# [WHAT THIS TASK INVOLVES]
Reproduce the entries shown below only from the line with "22. van [141,197,147,212]" down to the line with "hammer | -0.750", keeping both end lines and copying each one exactly.

[[ INPUT MATERIAL, beginning ]]

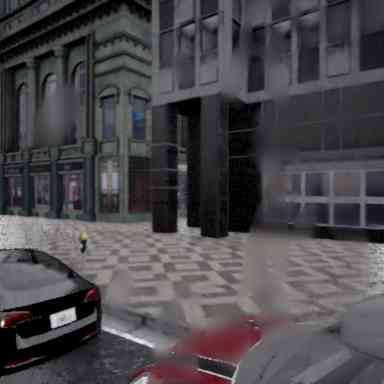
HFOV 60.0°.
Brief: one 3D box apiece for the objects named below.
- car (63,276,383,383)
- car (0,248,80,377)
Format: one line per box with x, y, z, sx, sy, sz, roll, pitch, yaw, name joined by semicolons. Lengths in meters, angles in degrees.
1.329;1.440;2.011;4.097;1.590;1.967;0;0;35;car
-3.264;1.578;5.277;4.313;1.339;1.947;0;0;35;car
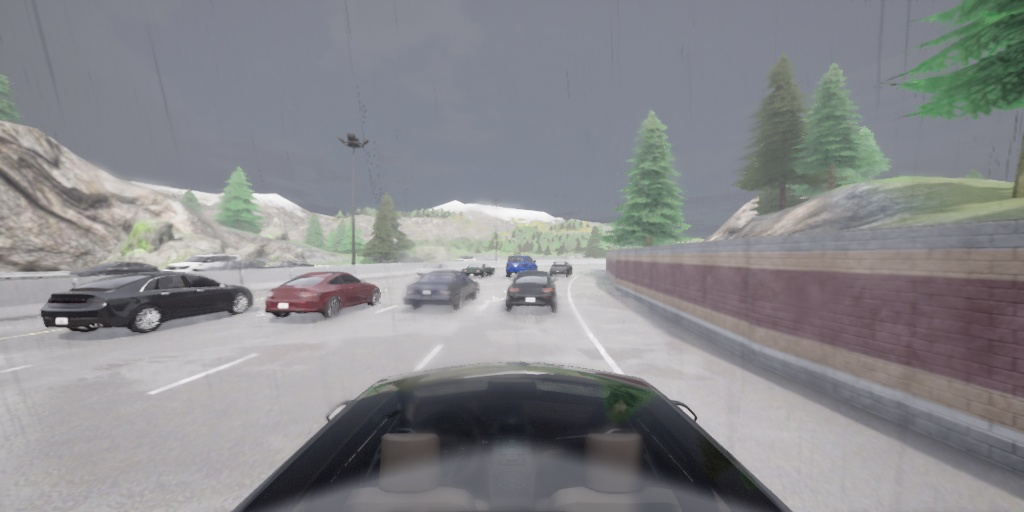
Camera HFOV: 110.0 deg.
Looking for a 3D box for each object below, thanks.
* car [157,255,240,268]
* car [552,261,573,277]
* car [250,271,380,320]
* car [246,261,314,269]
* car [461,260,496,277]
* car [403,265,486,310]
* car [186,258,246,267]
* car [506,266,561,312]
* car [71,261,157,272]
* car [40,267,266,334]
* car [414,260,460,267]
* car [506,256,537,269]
[{"bbox_3d":[-25.335,0.891,29.869,2.150,2.045,5.566,0,0,11],"label":"car"},{"bbox_3d":[5.019,1.260,36.077,2.128,1.511,4.902,0,0,15],"label":"car"},{"bbox_3d":[-6.336,1.256,12.512,1.812,1.442,4.674,0,0,5],"label":"car"},{"bbox_3d":[-18.318,1.184,29.215,2.128,1.511,4.902,0,0,11],"label":"car"},{"bbox_3d":[-2.972,1.343,33.248,1.895,1.301,4.718,0,0,13],"label":"car"},{"bbox_3d":[-2.648,1.290,14.712,2.033,1.411,5.357,0,0,6],"label":"car"},{"bbox_3d":[-22.049,1.172,28.283,2.128,1.511,4.902,0,0,10],"label":"car"},{"bbox_3d":[0.834,1.279,14.118,1.812,1.442,4.674,0,0,5],"label":"car"},{"bbox_3d":[-29.409,1.161,26.701,1.837,1.490,4.892,0,0,9],"label":"car"},{"bbox_3d":[-9.988,1.223,10.496,1.837,1.490,4.892,0,0,4],"label":"car"},{"bbox_3d":[-6.738,1.331,32.509,1.895,1.301,4.718,0,0,13],"label":"car"},{"bbox_3d":[0.990,0.977,34.702,2.150,2.045,5.566,0,0,14],"label":"car"}]
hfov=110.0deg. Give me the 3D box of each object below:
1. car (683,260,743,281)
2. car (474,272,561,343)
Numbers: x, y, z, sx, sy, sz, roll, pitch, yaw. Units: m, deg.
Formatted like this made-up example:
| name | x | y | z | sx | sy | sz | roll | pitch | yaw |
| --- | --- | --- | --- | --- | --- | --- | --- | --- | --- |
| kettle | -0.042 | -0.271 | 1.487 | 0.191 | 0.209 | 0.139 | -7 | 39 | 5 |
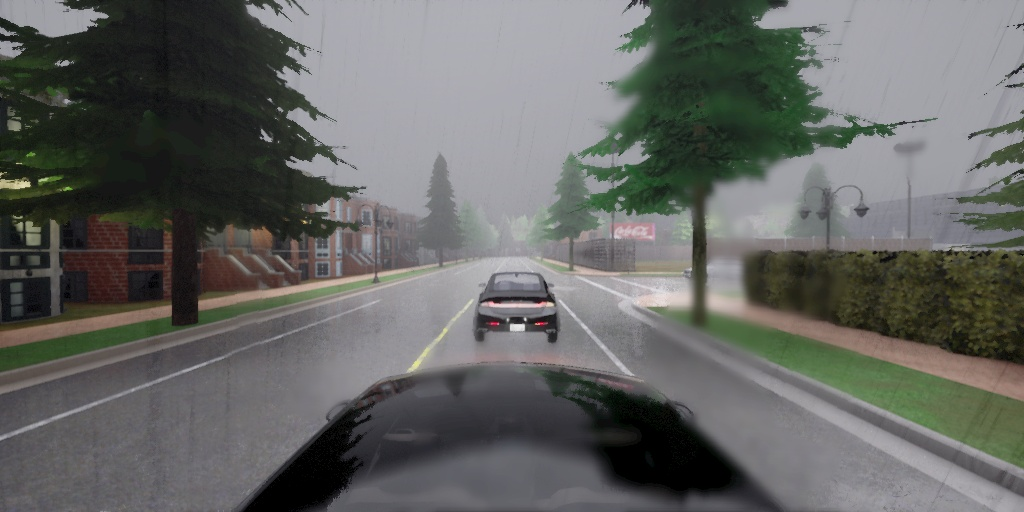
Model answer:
| name | x | y | z | sx | sy | sz | roll | pitch | yaw |
| --- | --- | --- | --- | --- | --- | --- | --- | --- | --- |
| car | 14.160 | 1.019 | 24.443 | 4.674 | 1.442 | 1.812 | 0 | 1 | 1 |
| car | 0.121 | 1.148 | 9.374 | 2.128 | 1.511 | 4.902 | 0 | 1 | 0 |
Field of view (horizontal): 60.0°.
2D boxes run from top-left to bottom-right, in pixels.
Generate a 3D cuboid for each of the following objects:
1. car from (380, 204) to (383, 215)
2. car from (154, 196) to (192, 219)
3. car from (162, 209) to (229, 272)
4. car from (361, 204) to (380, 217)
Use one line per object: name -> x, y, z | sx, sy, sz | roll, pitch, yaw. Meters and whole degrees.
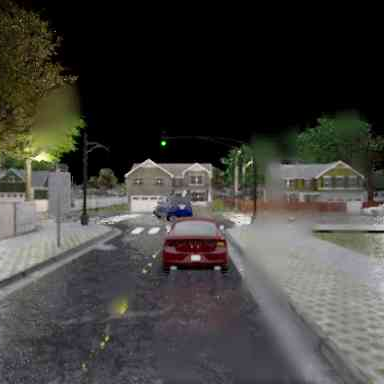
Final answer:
car -> 22.007, 1.781, 33.442 | 4.553, 1.767, 2.097 | 0, -1, 1
car -> -1.697, 1.421, 29.242 | 2.150, 2.045, 5.566 | 2, -2, -19
car -> 0.102, 1.569, 11.136 | 1.882, 1.535, 5.008 | 0, 0, 0
car -> 21.226, 2.017, 36.706 | 4.674, 1.442, 1.812 | 0, -1, 1
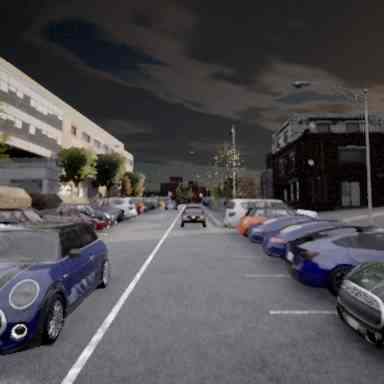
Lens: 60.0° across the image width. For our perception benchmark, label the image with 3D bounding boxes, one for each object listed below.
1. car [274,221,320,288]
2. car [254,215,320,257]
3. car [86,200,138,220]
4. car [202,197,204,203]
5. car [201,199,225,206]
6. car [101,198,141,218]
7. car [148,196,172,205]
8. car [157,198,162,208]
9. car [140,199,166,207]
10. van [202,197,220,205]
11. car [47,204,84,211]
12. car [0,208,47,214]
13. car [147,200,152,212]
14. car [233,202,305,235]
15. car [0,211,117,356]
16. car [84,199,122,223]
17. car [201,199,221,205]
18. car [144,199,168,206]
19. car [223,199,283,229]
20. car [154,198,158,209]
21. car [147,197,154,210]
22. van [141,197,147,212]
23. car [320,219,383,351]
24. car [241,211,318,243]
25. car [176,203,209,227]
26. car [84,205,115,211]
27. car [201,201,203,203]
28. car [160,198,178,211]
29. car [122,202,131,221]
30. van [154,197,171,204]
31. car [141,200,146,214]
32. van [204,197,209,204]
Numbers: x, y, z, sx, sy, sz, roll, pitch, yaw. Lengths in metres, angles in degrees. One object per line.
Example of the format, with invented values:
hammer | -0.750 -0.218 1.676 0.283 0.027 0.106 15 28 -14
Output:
car | 4.709 1.600 8.055 4.792 1.488 2.163 0 -1 0
car | 4.678 1.642 10.994 4.674 1.452 2.002 0 -1 0
car | -7.617 1.707 32.035 4.553 1.767 2.185 0 -1 0
car | 4.713 1.922 63.040 5.566 2.045 2.435 0 -1 0
car | 4.871 2.322 76.866 5.366 1.575 1.946 0 -1 0
car | -7.676 1.550 29.241 5.566 2.045 2.435 0 -1 0
car | -7.616 2.102 79.525 5.566 2.045 2.435 0 -1 0
car | -7.652 2.048 51.587 4.892 1.521 2.231 0 -1 0
car | -7.674 2.229 65.553 4.792 1.488 2.163 0 -1 0
van | 4.803 2.220 85.353 4.442 1.987 1.878 0 -1 0
car | -7.680 1.521 15.149 4.553 1.767 2.185 0 -1 0
car | -7.621 1.336 9.688 5.566 2.045 2.435 0 -1 0
car | -7.645 1.964 40.413 4.674 1.452 2.002 0 -1 0
car | 4.650 1.542 16.997 4.553 1.767 2.185 0 -1 0
car | -3.100 1.424 6.462 2.097 1.767 4.553 0 -1 0
car | -7.680 1.615 23.654 4.553 1.767 2.185 0 -1 0
car | 4.691 2.392 82.574 5.008 1.535 2.097 0 -1 0
car | -7.674 2.291 71.141 4.792 1.488 2.163 0 -1 0
car | 4.710 1.448 19.811 5.566 2.045 2.435 0 -1 0
car | -7.642 1.984 45.875 5.008 1.535 2.097 0 -1 0
car | -7.677 1.829 43.207 4.553 1.767 2.185 0 -1 0
van | -7.764 1.668 37.623 4.442 1.987 1.878 0 -1 0
car | 4.711 1.412 5.119 4.553 1.767 2.185 0 -1 0
car | 4.678 1.676 14.057 4.674 1.452 2.002 0 -1 0
car | 0.099 1.829 25.486 2.033 1.411 5.357 0 -1 0
car | -7.618 1.739 20.857 4.792 1.488 2.163 0 -1 0
car | 0.103 2.060 41.748 1.895 1.301 4.718 0 -1 0
car | -3.074 2.038 49.629 2.128 1.511 4.902 0 -1 0
car | -7.678 1.800 26.446 4.792 1.488 2.163 0 -1 0
van | -7.761 2.286 87.879 4.442 1.987 1.878 0 -1 0
car | -7.676 1.892 34.824 4.792 1.488 2.163 0 -1 0
van | 4.801 1.917 60.249 4.442 1.987 1.878 0 -1 0
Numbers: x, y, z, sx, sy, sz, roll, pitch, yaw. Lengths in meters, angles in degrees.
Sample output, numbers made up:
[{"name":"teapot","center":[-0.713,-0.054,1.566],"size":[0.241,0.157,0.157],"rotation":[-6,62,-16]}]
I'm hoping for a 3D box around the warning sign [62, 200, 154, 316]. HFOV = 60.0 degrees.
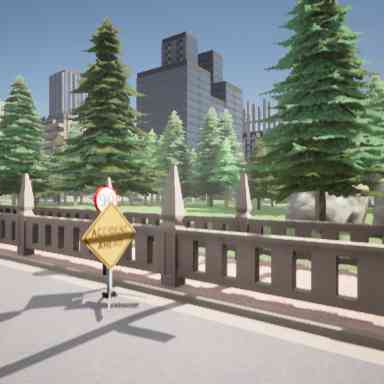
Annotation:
[{"name":"warning sign","center":[-1.551,1.099,6.265],"size":[1.060,1.860,1.300],"rotation":[0,0,35]}]
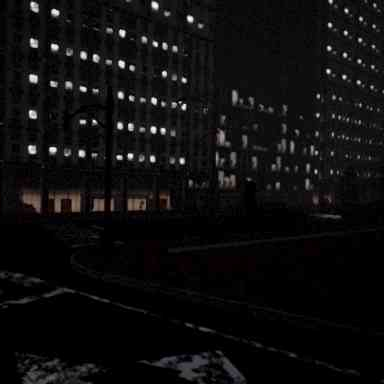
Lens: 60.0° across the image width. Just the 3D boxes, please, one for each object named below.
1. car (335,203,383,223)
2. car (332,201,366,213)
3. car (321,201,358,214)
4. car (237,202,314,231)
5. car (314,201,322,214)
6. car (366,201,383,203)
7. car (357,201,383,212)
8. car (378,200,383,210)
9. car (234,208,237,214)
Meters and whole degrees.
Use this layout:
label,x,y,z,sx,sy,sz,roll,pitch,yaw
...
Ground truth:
label,x,y,z,sx,sy,sz,roll,pitch,yaw
car,15.328,1.962,29.988,4.507,1.381,1.887,1,1,-34
car,20.251,1.861,42.889,4.313,1.339,1.947,1,1,-34
car,17.583,1.869,38.067,5.357,1.411,2.033,1,1,-34
car,5.970,1.626,23.591,5.009,1.841,2.192,1,1,-34
car,15.429,1.766,39.595,4.829,1.417,1.752,1,1,-34
car,20.015,1.786,33.180,5.009,1.841,2.192,1,1,-34
car,24.932,1.931,46.086,4.206,1.307,1.802,1,1,-34
car,29.614,1.969,49.282,4.313,1.339,1.947,1,1,-34
car,6.206,1.686,33.299,4.403,1.369,2.008,1,1,-34
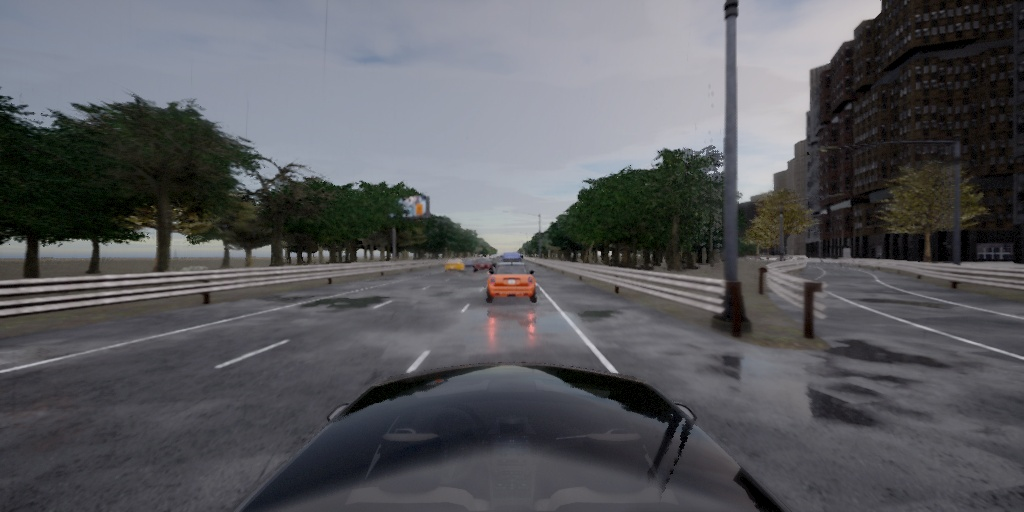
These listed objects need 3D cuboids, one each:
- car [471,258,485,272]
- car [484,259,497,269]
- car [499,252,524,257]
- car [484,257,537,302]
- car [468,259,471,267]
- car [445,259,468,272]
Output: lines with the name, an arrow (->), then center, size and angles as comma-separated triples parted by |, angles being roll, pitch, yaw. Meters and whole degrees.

[[ INPUT MATERIAL, end ]]

# [ANSWER SPACE]
22. van [141,197,147,212]
23. car [320,219,383,351]
24. car [241,211,318,243]
25. car [176,203,209,227]
26. car [84,205,115,211]
27. car [201,201,203,203]
28. car [160,198,178,211]
29. car [122,202,131,221]
30. van [154,197,171,204]
31. car [141,200,146,214]
32. van [204,197,209,204]
Numbers: x, y, z, sx, sy, sz, roll, pitch, yaw. Lengths in metres, angles in degrees. One object per line.
Example of the format, with invented values:
hammer | -0.750 -0.218 1.676 0.283 0.027 0.106 15 28 -14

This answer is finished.